Rabbi David Walk
It's a war out there! This declaration is true on many levels. Obviously in the geopolitical theater, we have to be aware that our beloved countries are on a war footing with militant Islam. With the release of the sequel to the eye opening film Wall Street, we are reminded that most of Gordon Gecko's (This is before he started selling car insurance.) advice came from The Art of War by Sun Tzu (d. 320 BCE). But this week of Chanukah reminds us that there is a spiritual struggle going on for the hearts, minds, and souls of our fellow Jews. Purim tells the story of salvation from physical threats to our continued existence (Haman=Hitler). Chanukah, on the other hand, is a fight for spiritual survival. Here in the
First, we must identify the enemy to whom we are losing so many of our co-religionists. Throughout the Middle Ages, Sephardic Jewry lost out to the dominant Moslem population. At the turn of the twelfth century it is estimated that ninety per cent of Jews lived in Moslem countries. By 1939, Sephardim made up only ten per cent of world Jewry. Where did all the Sephardim go, long time passing? Gone to Moslems, everyone. In the nineteenth and early twentieth centuries there was a movement towards conversion to Christianity amongst Ashkenazic Jewry, mostly for social advancement. But nowadays, most of those Jews who stop identifying themselves as Jews, don't identify with another religion either. So, who is the threat? Although you might hear of many candidates, like evolution or atheism, I think that the real adversary is Madison Avenue.
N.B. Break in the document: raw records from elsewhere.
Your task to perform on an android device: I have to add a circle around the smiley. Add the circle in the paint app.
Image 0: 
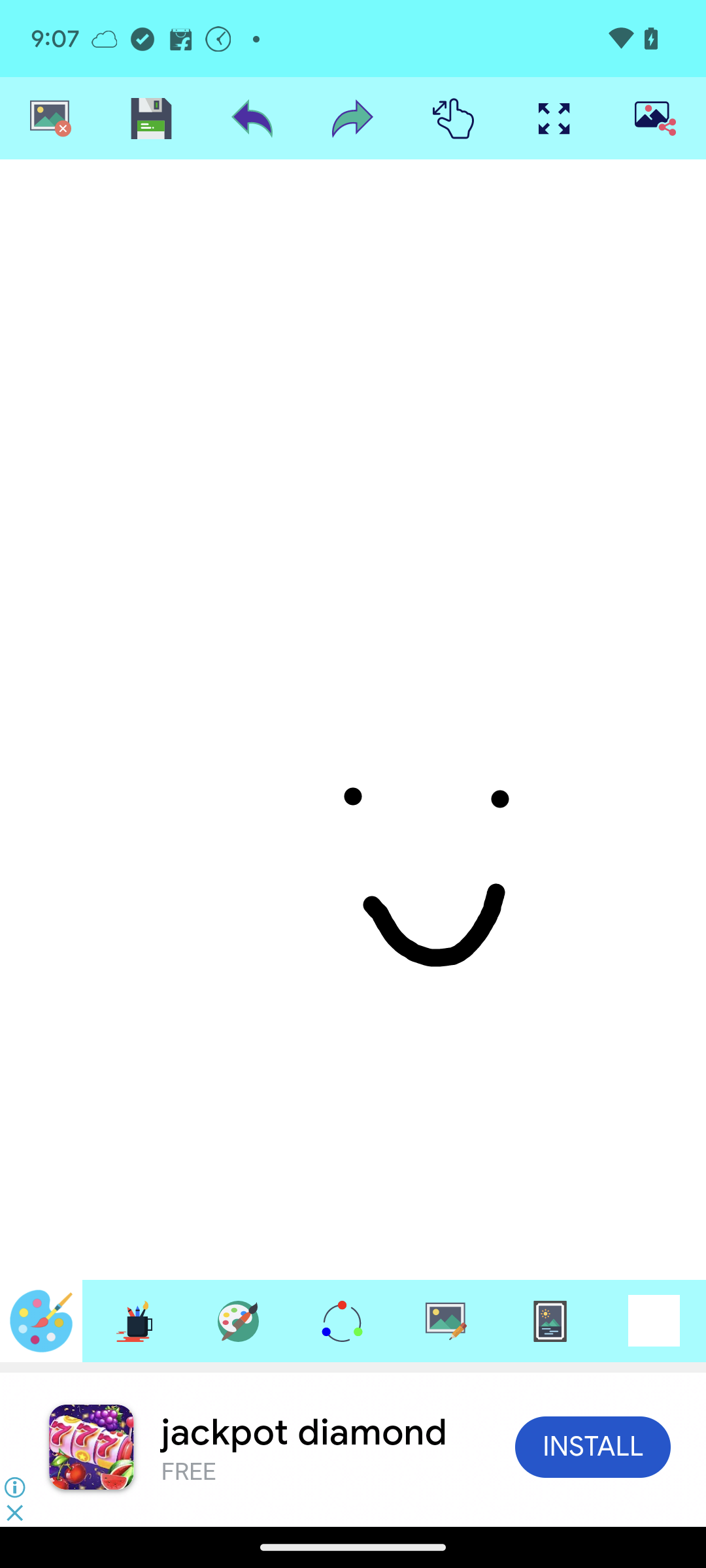
Click on the paint cup icon.
Step 0: click (134, 1321)
Image 2: 
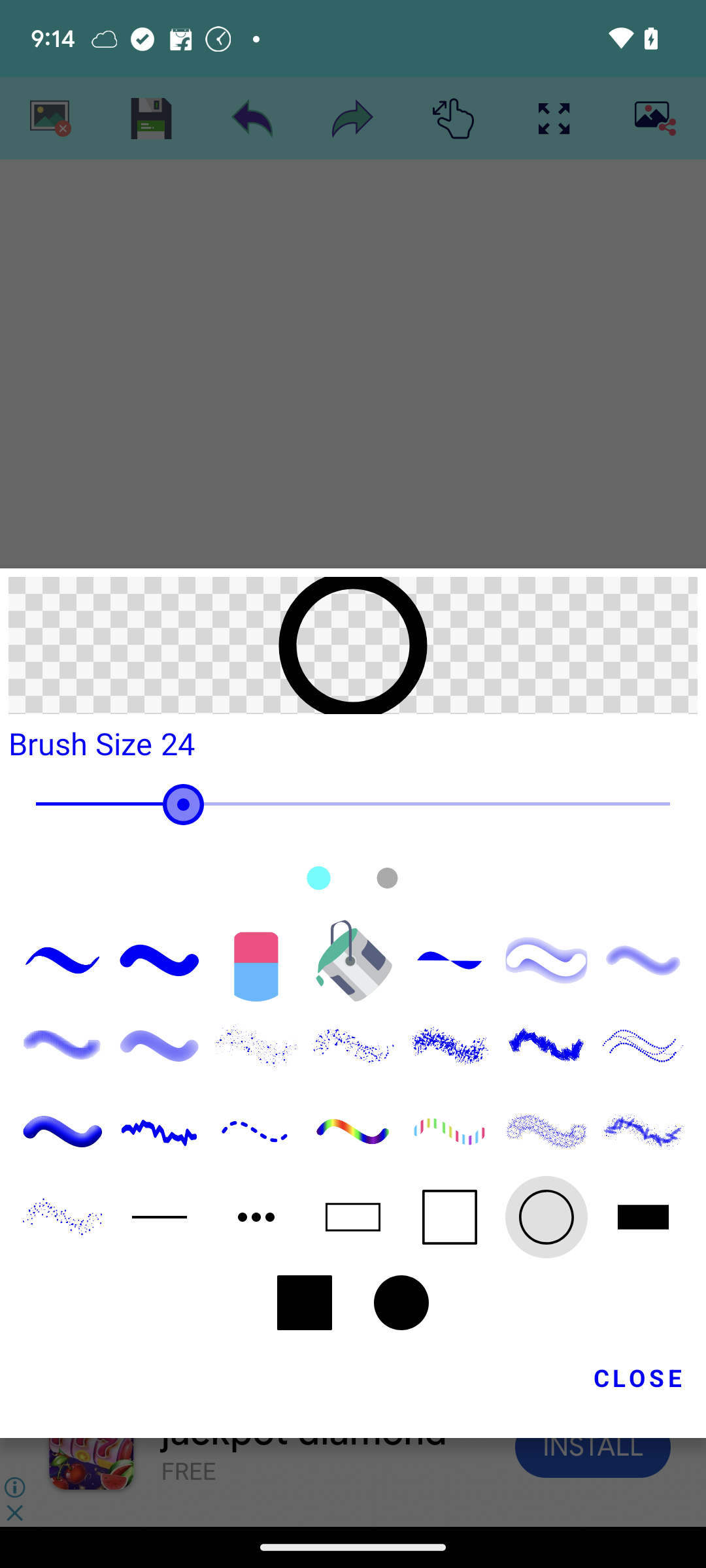
Click on close.
Step 2: click (637, 1388)
Image 3: 
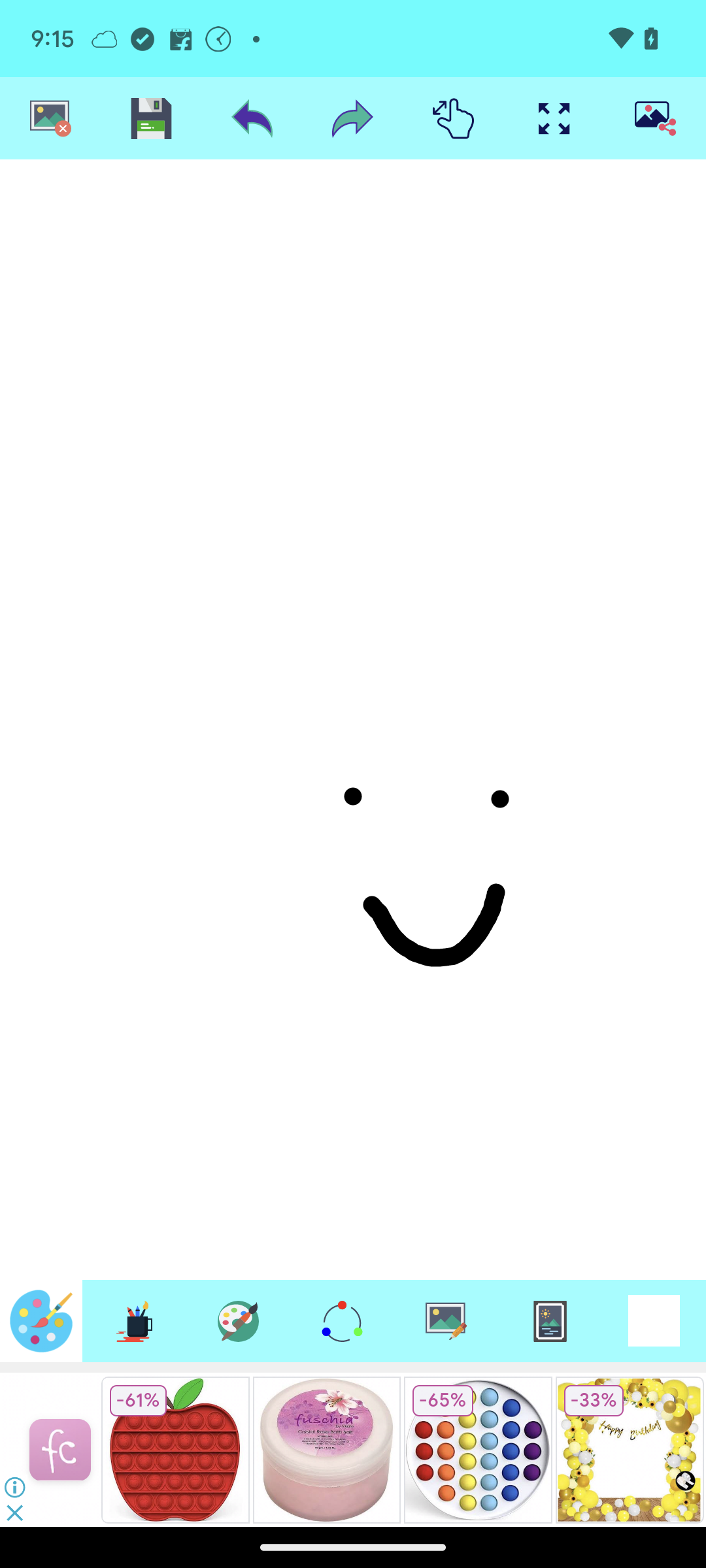
Now draw the circle around the smiley by swiping it towards the bottom right.
Step 3: scroll left

The pernicious effects of advertising even reach those of us who never even consider patronizing the business. In a revealing study reported in Psychology Today (April 13, 2010), researchers explored the psychological effects of the fast food industry. Logos for the major fast food chains (if I have to give examples of these, you must live on another planet) were briefly flashed on a computer screen. Then the participants were asked to read a passage of text. The subjects read faster after seeing the Golden Arches than before they saw them or than control subjects who weren't shown the symbols. Also the researchers found: Most striking of all, just a glimpse of the golden arches changes our psychology so that people become impatient about financial decisions—they wind up unwilling to postpone immediate gain for future rewards, so they sacrifice savings, against their own economic interest. Exposure to fast-food symbols also seeps into the way we approach leisure (Sept. 1, 2010). It's not consuming the food that has these negative affects. It's just the ads, logos and billboards. Again from the report: It turns out that every time we see such marketing devices, they act as psychological primes, reminding us that time seems to be speeding up in contemporary society, making them reluctant to volunteer, and causes them to make bad economic decisions.
Wow! Our lives are being negatively impacted by these forces outside our control. We squander leisure time, go bankrupt and increase stress, without tasting the product. On most sports programming in the States, there's a new ad campaign trying to convince us that only cool people can drink certain brands of beer. And, clearly, only cool people are happy. I think that this multi-faceted phenomenon is the real enemy to a meaningful or spiritual lifestyle. We have met the enemy, and it is the media.
So, what can we do to prevent losing this new version of Chanukah's cultural war? The ultra-orthodox position is to attempt to isolate themselves from all secular influences. I can't deny that there is merit to this approach. Personally, I reject this position for two reasons. First of all, I appreciate many aspects of modern culture. I believe strongly that knowledge of literature, science and history can help my spiritual efforts. They add to my soul. Also, I don't believe that it's possible to totally blockade our senses. Every nook and cranny of our world is permeated with these symbols, logos and messages. Hiding is rarely a safe strategy, for ostriches or humans.
I would like to suggest two propositions. The first one was in last week's parsha. When Yosef succeeds in avoiding the temptation of his boss's wife, Rashi, based on the Midrash, tells us that he saw his father's image. Strength can come from role models and heroes. Who are our heroes? If it's our favorite team's slick shortstop or the star quarterback, we're in trouble. We need spiritual heroes for ourselves and our children. If our kids only hear us criticizing rabbis and only warm words for athletes and media stars, what message will they imbibe? We need fewer American Idols and more Jewish heroes.
My second proposal comes from Chanukah. In the famous argument between Beit Hillel and Beit Shamai about how to light the chanukiah, Shamai is more logical. Let's light the candles like the miracle happened, less oil every night. But we have a greater lesson to learn from Beit Hillel. Always strive to increase the spirituality in our lives and world. That's key to success in the spiritual war. Continually amplify and enhance the spiritual components of our lives. Go to synagogue a little earlier, add more time for Torah study, always do more.
Finally a suggestion from Sun Tzu: If you know the enemy and know yourself, you need not fear the result of a hundred battles. If you know yourself but not the enemy, for every victory gained you will also suffer a defeat. If you know neither the enemy nor yourself, you will succumb in every battle. Just like the Maccabees, we can win this war, but it takes a great effort and preparation. Have a happy and meaningful Chanukah!